* **Task input**:
=== Begin Enclosure ===
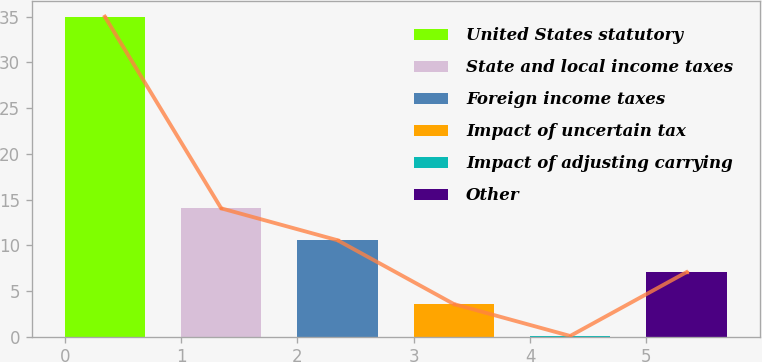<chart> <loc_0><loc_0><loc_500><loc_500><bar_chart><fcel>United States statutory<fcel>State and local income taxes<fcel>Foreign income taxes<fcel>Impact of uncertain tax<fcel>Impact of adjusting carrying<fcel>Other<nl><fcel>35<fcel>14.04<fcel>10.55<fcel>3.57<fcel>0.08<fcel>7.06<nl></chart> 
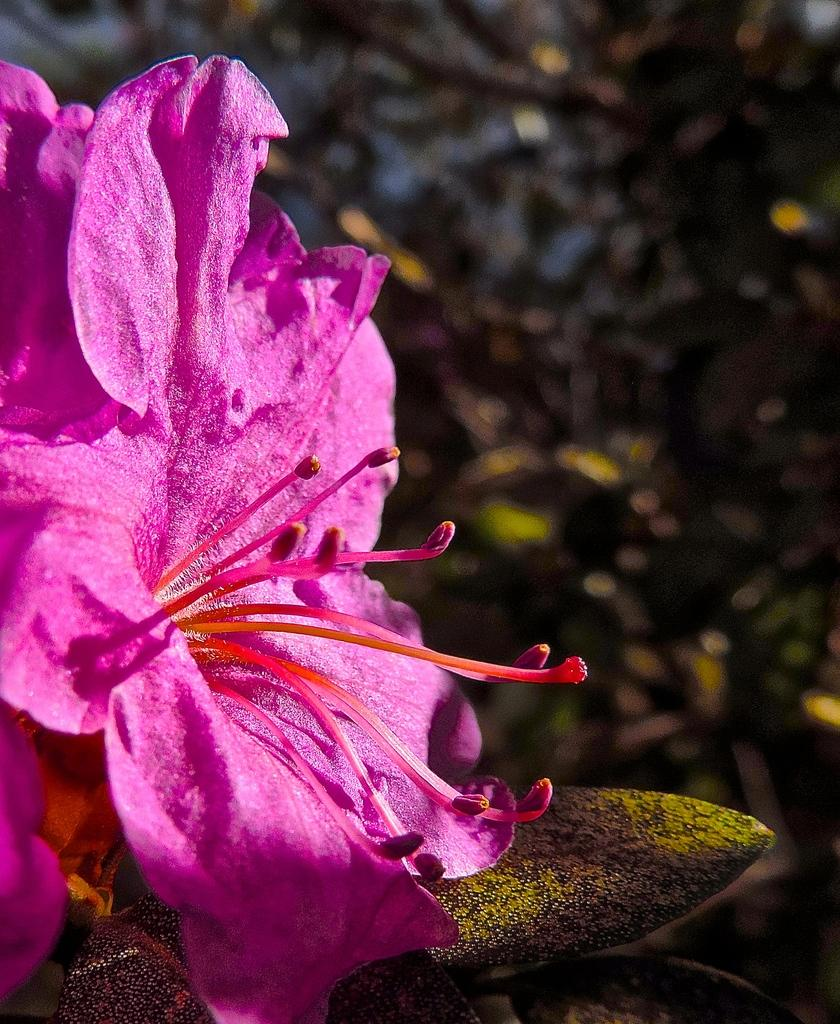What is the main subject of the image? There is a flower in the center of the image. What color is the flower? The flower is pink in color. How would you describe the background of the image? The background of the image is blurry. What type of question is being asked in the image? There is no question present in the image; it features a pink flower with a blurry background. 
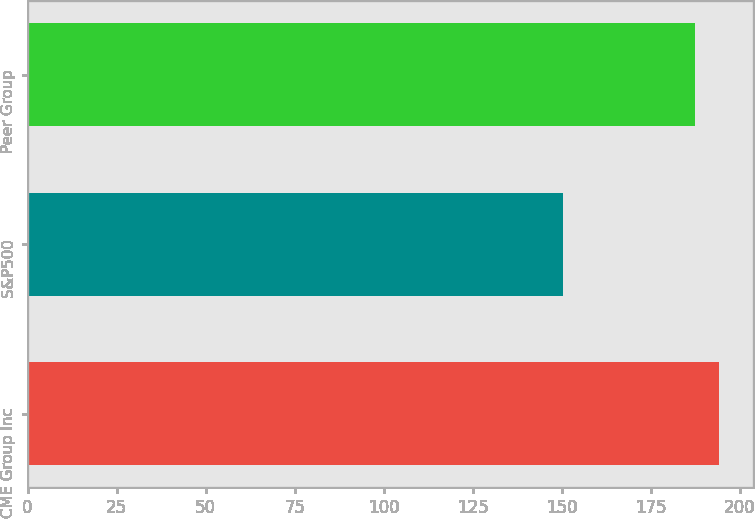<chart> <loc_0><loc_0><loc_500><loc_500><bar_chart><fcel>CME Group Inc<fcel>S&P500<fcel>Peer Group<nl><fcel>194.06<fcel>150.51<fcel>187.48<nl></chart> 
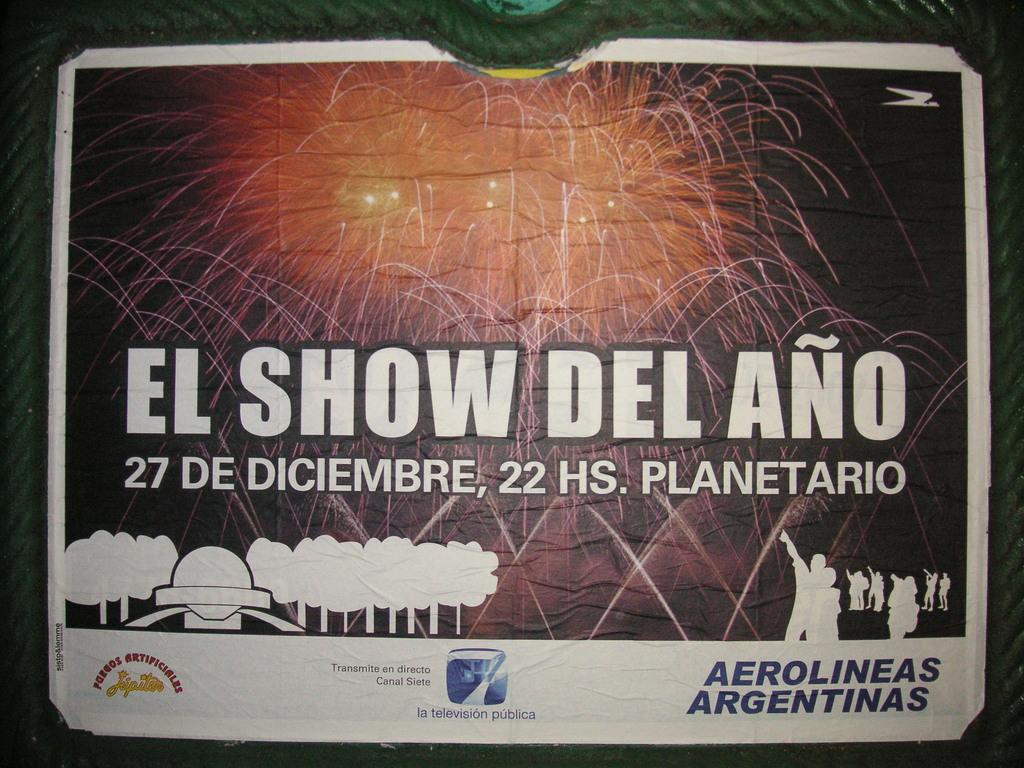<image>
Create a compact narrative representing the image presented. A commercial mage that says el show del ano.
=== End Enclosure ===
* **What you will do**:
Every entry must be transcribed exactly. Pictures do not belong in the copy.

* **Answer to this task**:
<chart> <loc_0><loc_0><loc_500><loc_500><bar_chart><fcel>United States statutory<fcel>State and local income taxes<fcel>Foreign income taxes<fcel>Impact of uncertain tax<fcel>Impact of adjusting carrying<fcel>Other<nl><fcel>35<fcel>14.04<fcel>10.55<fcel>3.57<fcel>0.08<fcel>7.06<nl></chart> 
What is the main subject of the image? There is a flower in the center of the image. What color is the flower? The flower is pink in color. How would you describe the background of the image? The background of the image is blurry. What type of question is being asked in the image? There is no question present in the image; it features a pink flower with a blurry background. 
<chart> <loc_0><loc_0><loc_500><loc_500><bar_chart><fcel>CME Group Inc<fcel>S&P500<fcel>Peer Group<nl><fcel>194.06<fcel>150.51<fcel>187.48<nl></chart> 
<image>
Create a compact narrative representing the image presented. A commercial mage that says el show del ano.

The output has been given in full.